══ Provided records ══

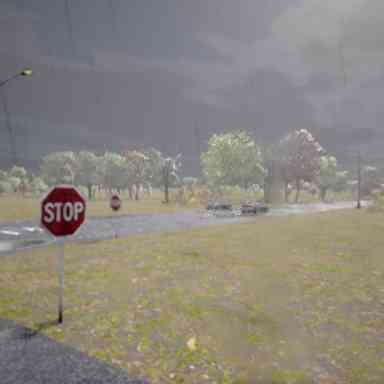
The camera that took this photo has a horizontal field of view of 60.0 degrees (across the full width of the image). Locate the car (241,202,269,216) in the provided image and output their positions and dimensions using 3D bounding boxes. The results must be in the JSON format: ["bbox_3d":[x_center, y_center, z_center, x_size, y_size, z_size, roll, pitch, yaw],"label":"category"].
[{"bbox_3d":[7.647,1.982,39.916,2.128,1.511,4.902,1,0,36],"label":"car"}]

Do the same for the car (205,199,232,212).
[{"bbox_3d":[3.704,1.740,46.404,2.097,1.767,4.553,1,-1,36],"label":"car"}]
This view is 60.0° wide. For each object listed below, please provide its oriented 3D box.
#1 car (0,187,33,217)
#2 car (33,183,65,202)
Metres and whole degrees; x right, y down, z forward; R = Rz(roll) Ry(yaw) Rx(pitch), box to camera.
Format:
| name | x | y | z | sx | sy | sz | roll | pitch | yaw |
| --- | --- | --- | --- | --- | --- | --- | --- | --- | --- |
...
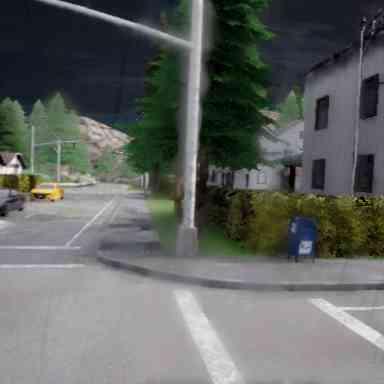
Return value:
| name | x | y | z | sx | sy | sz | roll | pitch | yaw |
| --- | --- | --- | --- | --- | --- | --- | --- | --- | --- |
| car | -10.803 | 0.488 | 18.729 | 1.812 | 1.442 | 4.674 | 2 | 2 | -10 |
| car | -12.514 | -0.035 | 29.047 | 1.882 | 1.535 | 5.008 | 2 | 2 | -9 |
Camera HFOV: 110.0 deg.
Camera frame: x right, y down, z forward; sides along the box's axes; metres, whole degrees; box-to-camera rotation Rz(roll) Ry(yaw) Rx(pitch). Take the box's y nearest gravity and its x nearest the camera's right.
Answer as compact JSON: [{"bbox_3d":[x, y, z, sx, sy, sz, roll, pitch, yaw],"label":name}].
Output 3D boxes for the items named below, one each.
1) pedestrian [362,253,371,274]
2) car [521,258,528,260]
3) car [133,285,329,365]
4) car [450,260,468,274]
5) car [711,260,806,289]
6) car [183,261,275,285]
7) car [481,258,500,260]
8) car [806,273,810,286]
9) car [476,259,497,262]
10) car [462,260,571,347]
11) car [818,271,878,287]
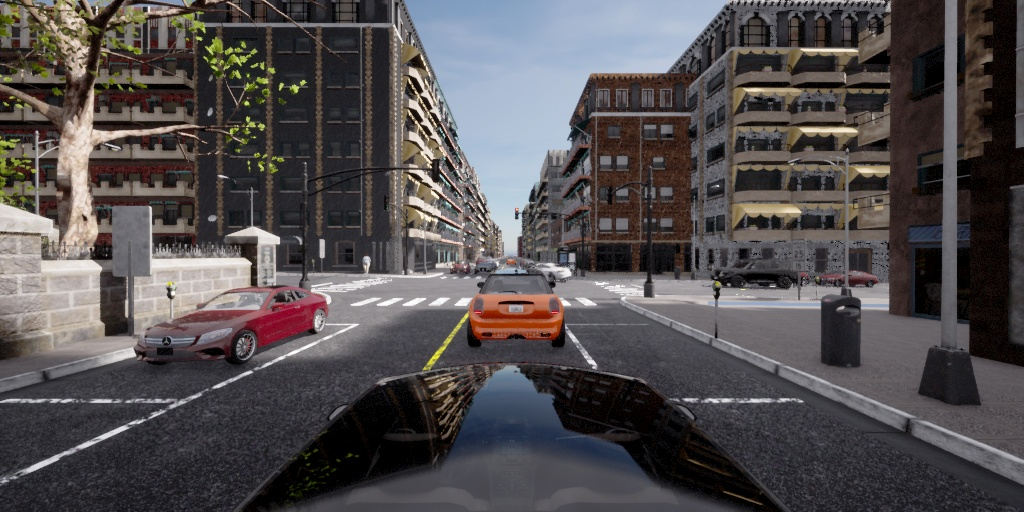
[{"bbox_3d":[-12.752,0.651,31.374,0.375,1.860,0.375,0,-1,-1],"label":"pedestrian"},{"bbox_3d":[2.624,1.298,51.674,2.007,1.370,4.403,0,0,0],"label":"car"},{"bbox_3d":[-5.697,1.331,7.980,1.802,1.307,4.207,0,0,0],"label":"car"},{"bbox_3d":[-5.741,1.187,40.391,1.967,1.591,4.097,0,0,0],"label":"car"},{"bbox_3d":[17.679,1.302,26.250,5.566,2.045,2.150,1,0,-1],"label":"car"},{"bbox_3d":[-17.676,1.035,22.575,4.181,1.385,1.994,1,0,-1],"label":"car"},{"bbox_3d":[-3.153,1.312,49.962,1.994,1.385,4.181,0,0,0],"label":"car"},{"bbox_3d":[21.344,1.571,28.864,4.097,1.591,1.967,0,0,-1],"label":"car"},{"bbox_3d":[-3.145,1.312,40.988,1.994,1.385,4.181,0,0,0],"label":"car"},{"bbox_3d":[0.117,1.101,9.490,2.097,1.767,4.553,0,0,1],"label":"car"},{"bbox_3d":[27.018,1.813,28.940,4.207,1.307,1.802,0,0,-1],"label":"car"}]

═══

Problem to solve:
Copy the lines above between the one holding "Metres and whole" and the one holding "10) car [462,260,571,347]", inclusive. Drop the pictures.

Response box:
Metres and whole degrees; x right, y down, z forward; R = Rz(roll) Ry(yaw) Rx(pitch), box to camera.
Format:
| name | x | y | z | sx | sy | sz | roll | pitch | yaw |
| --- | --- | --- | --- | --- | --- | --- | --- | --- | --- |
...
Return value:
| name | x | y | z | sx | sy | sz | roll | pitch | yaw |
| --- | --- | --- | --- | --- | --- | --- | --- | --- | --- |
| car | -10.803 | 0.488 | 18.729 | 1.812 | 1.442 | 4.674 | 2 | 2 | -10 |
| car | -12.514 | -0.035 | 29.047 | 1.882 | 1.535 | 5.008 | 2 | 2 | -9 |
Camera HFOV: 110.0 deg.
Camera frame: x right, y down, z forward; sides along the box's axes; metres, whole degrees; box-to-camera rotation Rz(roll) Ry(yaw) Rx(pitch). Take the box's y nearest gravity and its x nearest the camera's right.
Answer as compact JSON: [{"bbox_3d":[x, y, z, sx, sy, sz, roll, pitch, yaw],"label":name}].
Output 3D boxes for the items named below, one each.
1) pedestrian [362,253,371,274]
2) car [521,258,528,260]
3) car [133,285,329,365]
4) car [450,260,468,274]
5) car [711,260,806,289]
6) car [183,261,275,285]
7) car [481,258,500,260]
8) car [806,273,810,286]
9) car [476,259,497,262]
10) car [462,260,571,347]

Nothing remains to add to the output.